I inwardly groaned. There was no way I could lie to get out of this with his wife as a member of my candy shop staff. “That’s true, but I’m not home too often. Puff would be alone for much of the time, so I think I would have to take her to the shop during the day.”
“We have chores to do here on the farm, so it would not be like the rabbit had company here either. I don’t think she would mind being alone at your house.” He smiled. Daniel knew he was winning this argument, which was what I found the most infuriating part of the conversation. He knew he had won before we even got started.
“But there is Grandma Leah—maybe she would enjoy having the rabbit here,” I said, making a last attempt to get myself out of rabbit-sitting.
“My grandmother would be too afraid that she would trip over the rabbit if we took it into the house, and she has been feeling poorly ever since her fall and needing to walk with a cane. She can’t be tripping over an animal.”
I sighed. There was no going back now that he’d mentioned Grandma Leah’s fall. “All right. I’ll keep Puff for now.”
He smiled, looking very much like Nutmeg when Maami let the cat lick from the whipping cream bowl.
Chapter 17
I needed to track down Ruth Yoder to ask her about Eli’s mother and her death, but I was closer to the rabbit f
arm than the Yoder family furniture store where she might be. So instead of going to the furniture store, I headed to the rabbit farm, assuming that I would be able to find it with Eli’s description of its location.
There was a large sign on Route 62 in white with black lettering, announcing RABER’S RABBITS. Far back from the road, a small brick home stood with three small white barns behind the house. The barns were much smaller than other Amish barns I had seen in the county. Each one was a third of the size of the Keim family’s barn.
To the left of those barns was a huge aluminum grain silo that seemed to have fallen into disrepair. The door to it was open, and there wasn’t any grain inside that I could see.
I climbed out of the car, walked up to the brick house, and knocked on the door. As it was an Amish home, there was no doorbell. A large picture window was just left of the door. I peered inside but couldn’t make anything out in the dark space. Frowning, I circled the side of the house toward the first barn.
Like most Amish barns, this one wasn’t locked, and I easily pushed the heavy door open. The room smelled of sawdust and animals. There were dozens of cages in the space with rabbits sitting in each cage. The animals appeared to be well taken care of, but I didn’t see any sign of Eli. The second was much the same, but there were no rabbits.

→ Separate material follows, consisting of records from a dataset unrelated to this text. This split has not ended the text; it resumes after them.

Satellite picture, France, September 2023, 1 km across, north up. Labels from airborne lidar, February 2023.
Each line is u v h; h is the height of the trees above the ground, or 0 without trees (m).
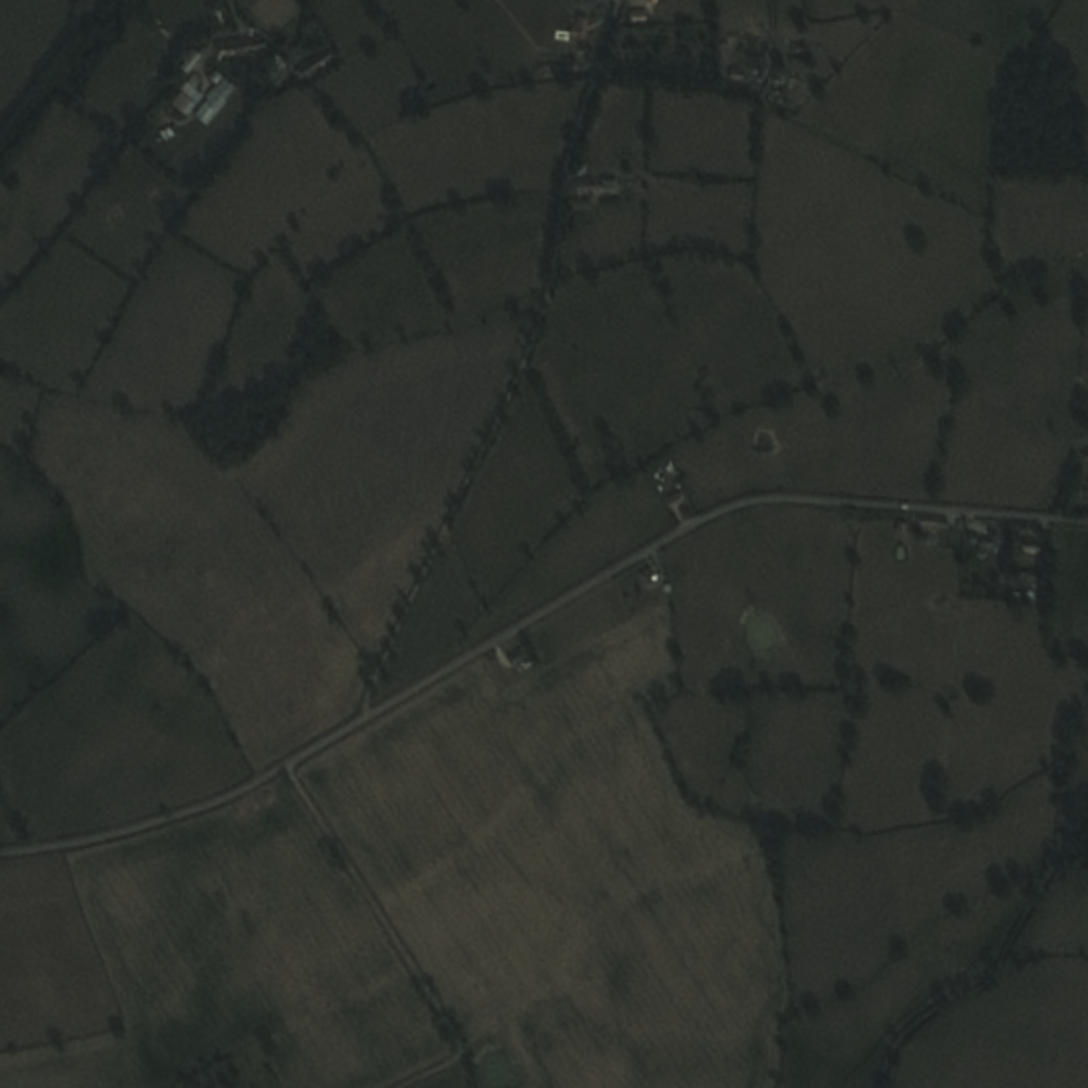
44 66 11
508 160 0
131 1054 0
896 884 0
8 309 0
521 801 0
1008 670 0
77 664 0
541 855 0
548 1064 0
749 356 0
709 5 15
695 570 0
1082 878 0
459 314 0
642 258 8
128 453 0
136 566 0
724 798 0
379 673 17
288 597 0
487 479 0
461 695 0
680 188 0
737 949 0
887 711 0
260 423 12
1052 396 0
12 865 0
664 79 13
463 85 0
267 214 0
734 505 0
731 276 0
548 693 0
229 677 0
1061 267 0
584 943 0
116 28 20
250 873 0
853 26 0
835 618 0
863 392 0
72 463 0
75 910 0
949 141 0
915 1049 0
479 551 0
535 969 0
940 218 0
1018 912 0
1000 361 0
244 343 0
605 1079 0
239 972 0
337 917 0
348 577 0
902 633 0
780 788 0
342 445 0
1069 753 15
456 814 0
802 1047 0
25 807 0
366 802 0
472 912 0
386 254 0
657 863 0
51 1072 0
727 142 0
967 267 0
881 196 0
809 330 0
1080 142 20
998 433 0
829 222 0
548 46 0
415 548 0
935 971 0
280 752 0
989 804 15
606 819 0
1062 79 19
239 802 0
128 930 0
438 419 0
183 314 0
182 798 0
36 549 0
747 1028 0
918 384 0
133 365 0
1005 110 21
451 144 0
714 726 0
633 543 0
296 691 0
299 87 6
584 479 13
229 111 0
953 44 0
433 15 0
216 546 0
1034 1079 0
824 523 0
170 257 0
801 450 0
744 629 0
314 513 0
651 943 0
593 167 0
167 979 0
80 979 0
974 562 0
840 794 14
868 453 0
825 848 0
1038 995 0
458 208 13
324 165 0
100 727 0
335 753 0
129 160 0
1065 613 0
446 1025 16
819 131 0
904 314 0
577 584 0
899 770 0
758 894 0
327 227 0
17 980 0
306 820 0
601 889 0
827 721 0
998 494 0
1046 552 14
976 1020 0
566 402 0
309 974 0
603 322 0
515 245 0
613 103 0
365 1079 0
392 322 0
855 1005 0
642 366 0
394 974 0
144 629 0
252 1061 0
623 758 0
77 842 0
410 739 0
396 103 0
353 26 0
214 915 0
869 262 0
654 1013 0
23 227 0
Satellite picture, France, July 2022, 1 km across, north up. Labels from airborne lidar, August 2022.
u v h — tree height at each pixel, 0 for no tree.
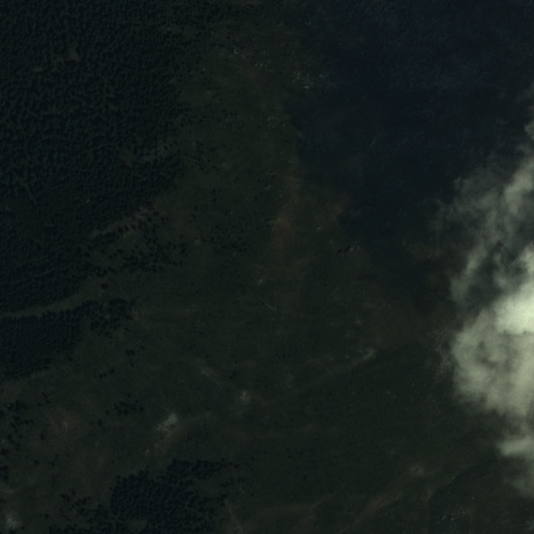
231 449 0
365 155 0
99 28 19
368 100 0
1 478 9
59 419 0
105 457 0
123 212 14
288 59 0
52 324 17
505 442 0
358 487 0
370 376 0
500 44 0
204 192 0
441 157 0
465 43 0
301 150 0
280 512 0
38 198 17
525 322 0
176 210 0
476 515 0
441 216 0
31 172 23
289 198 0
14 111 26
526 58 0
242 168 0
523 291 0
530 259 0
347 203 0
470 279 0
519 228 0
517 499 0
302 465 0
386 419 0
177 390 0
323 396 0
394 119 0
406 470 0
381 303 0
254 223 0
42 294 16
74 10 15
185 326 0
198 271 0
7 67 22
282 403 0
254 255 0
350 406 0
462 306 0
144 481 10
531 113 0
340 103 0
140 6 12
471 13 0
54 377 0
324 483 0
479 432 0
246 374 0
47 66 20
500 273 0
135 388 0
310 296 0
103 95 22
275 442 0
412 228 0
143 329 0
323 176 0
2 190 17
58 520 0
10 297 15
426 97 0
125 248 0
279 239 0
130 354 12
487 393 0
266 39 0
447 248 0
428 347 0
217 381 0
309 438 0
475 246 0
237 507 0
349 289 0
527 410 0
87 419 0
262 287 0
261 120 0
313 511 0
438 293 0
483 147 0
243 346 0
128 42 13
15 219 20
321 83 0
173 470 11
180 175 6
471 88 0
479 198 0
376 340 0
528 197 0
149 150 8
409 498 0
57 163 20
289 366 0
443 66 0
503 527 0
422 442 0
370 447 0
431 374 0
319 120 0
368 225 0
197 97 0
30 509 0
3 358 16
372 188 0
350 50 0
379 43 0
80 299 0
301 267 0
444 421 0
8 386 0
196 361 0
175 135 8
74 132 18
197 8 7
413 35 0
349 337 0
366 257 0
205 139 0
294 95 0
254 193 0
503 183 0
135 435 0
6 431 0
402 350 0
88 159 15
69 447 0
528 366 0
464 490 0
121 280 0
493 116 0
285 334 0
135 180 10
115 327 8
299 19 0
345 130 0
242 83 0
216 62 0
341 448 0
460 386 0
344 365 0
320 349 0
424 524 0
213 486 0
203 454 0
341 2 0
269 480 0
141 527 0
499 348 0
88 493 0
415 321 0
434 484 0
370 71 0
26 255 22
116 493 8
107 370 0
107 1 10
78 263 15
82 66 18
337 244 0
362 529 0
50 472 0
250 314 0
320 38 0
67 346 15
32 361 16
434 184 0
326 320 0
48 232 16
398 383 0
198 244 0
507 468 0
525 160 0
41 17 21
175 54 6
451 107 0
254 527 0
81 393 0
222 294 0
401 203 0
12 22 20
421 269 0
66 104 23
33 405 0
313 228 0
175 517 9
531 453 0
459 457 0
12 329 18
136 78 13
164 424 0
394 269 0
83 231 19
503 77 0
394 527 0
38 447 0
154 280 0
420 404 0
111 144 17
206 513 10
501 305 0
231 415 0
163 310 0
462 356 0
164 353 0
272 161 0
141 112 14
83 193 21
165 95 10
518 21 0
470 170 0
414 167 0
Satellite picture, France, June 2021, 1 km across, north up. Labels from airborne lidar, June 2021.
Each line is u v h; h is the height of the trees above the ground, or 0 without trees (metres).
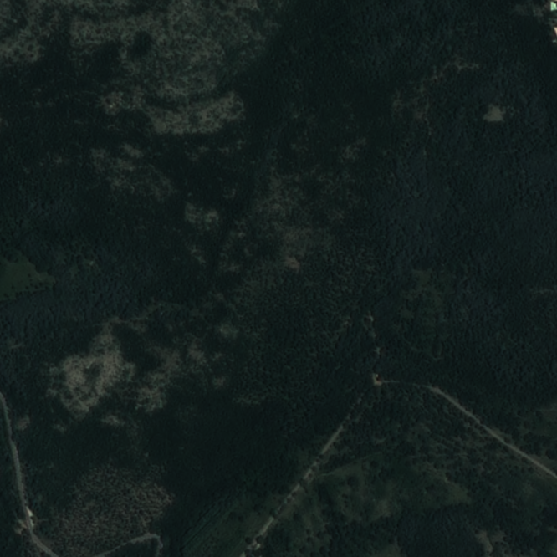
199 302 10
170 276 7
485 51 8
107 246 7
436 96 9
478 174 11
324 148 6
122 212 8
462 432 6
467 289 14
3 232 6
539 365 8
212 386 7
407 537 12
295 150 7
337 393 18
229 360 9
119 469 8
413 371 12
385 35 7
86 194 7
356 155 6
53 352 8
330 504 13
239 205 15
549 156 15
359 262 13
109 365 0
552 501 6
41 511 11
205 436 13
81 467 9
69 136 6
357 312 10
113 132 7
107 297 12
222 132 7
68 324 6
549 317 9
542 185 16
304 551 12
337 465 10
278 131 11
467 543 12
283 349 13
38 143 8
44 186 13
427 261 14
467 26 6
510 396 14
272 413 17
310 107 10
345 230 11
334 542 13
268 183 6
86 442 9
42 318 8
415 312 8
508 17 8
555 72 9
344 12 8
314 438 13
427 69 6
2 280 0
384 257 8
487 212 12
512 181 9
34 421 8
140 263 10
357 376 15
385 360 12
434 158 12
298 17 7
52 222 8
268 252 9
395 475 6
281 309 11
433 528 11
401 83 9
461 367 13
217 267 9
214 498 12
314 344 15
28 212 10
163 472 10
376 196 15
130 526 9
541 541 16
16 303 13
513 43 9
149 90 6
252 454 19
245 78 7
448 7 16
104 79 6
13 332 13
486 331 11
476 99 6
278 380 15
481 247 7
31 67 6
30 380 6
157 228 6
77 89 6
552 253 10
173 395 9
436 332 6
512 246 10
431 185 15
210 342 6
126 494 14
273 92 9
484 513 8
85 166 9
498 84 12
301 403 18
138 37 7
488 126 8
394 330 8
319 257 12
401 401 11
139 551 12
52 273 13
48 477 8
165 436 13
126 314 11
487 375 9
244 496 11
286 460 16
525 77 9
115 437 8
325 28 12
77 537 8
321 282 8
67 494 7
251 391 14
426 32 13
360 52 11
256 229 10
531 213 13
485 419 11
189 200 5
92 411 7
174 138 6
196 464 12
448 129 12
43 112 7
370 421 8
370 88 8
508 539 12
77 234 7
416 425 8
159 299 9
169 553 12
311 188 7
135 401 8
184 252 7
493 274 10
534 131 6
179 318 13
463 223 11
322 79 12
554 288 7
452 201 10
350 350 12
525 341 9
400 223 16
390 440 5
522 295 5
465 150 13
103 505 8
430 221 15
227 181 8
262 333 10
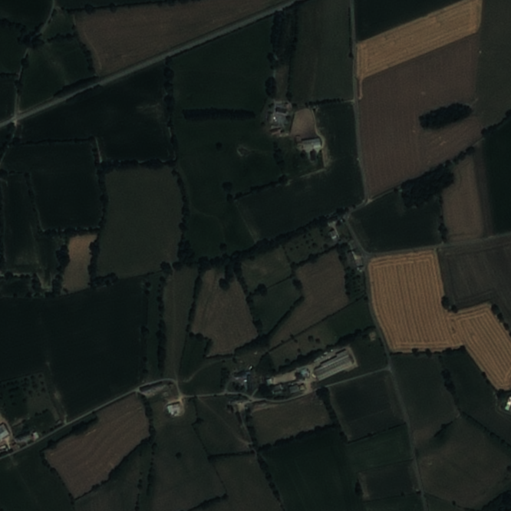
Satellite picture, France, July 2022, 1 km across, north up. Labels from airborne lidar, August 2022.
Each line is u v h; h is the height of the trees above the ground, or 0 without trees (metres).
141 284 0
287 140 0
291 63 7
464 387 0
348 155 0
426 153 0
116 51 0
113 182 0
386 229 0
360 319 0
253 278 0
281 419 0
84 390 0
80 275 0
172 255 0
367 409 0
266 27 0
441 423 0
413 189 18
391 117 0
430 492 0
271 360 9
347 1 0
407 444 0
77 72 0
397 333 0
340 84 0
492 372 0
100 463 0
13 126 16
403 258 0
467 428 0
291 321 0
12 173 6
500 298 0
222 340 0
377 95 0
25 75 7
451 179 11
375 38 0
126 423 0
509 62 0
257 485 0
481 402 0
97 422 7
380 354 0
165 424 0
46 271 0
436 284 0
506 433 0
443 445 0
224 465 0
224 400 0
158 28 0
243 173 0
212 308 0
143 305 0
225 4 0
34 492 0
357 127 0
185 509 0
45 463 11
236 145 0
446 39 0
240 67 0
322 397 18
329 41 0
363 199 0
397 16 0
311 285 0
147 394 0
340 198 0
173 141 16
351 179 0
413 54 0
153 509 0
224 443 0
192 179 0
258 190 14
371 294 0
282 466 0
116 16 0
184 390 0
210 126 0
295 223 0
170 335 0
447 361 0
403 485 0
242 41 0
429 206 0
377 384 0
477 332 0
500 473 0
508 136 0
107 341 0
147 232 0
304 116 0
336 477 0
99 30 0
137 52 0
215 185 0
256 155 0
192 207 0
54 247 0
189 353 0
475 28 0
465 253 0
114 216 0
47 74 0
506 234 0
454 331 0
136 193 0
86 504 0
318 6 0
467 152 10
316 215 0
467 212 0
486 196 0
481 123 0
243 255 13
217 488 0
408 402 0
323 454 0
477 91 0
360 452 0
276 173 0
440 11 0
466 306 0
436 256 0
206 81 0
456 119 16
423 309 0
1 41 0
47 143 8
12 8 0
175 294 0
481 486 0
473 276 0
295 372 0
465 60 0
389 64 0
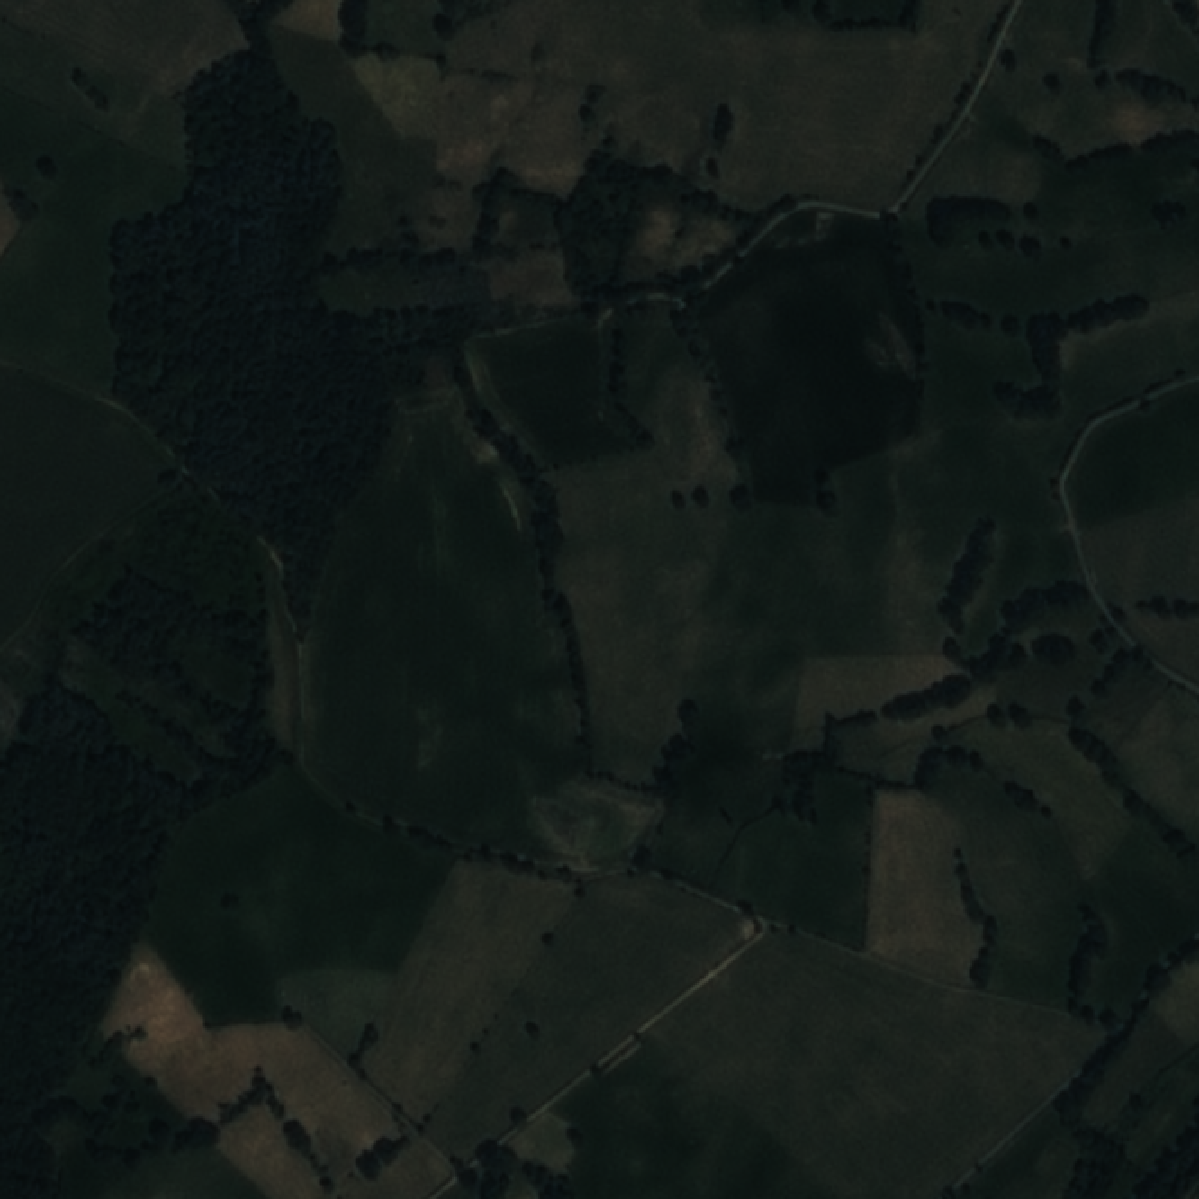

I suspected that this was where the bunnies that were at Easter Days lived. I was about to open the third barn door when a twig snapped behind me. I spun around.
“Are you finally doing something about this?” An English man of medium height with a drooping face scowled at me. “It’s about time you people did something.”
I still had my hand on the barn door. “Who are you?” I wanted to know. Perhaps my question came off as rude, but I couldn’t help it.
“Liam Zimmerman. I’ve been calling you all night and day hoping to get some type of response. You’re from the zoning board, aren’t you?”
“I—” I started to say that I wasn’t, but he didn’t give me a chance to continue.
“I’m glad that one of you has finally come here to do something about Raber’s new barn, which is clearly in violation of the county’s building codes.”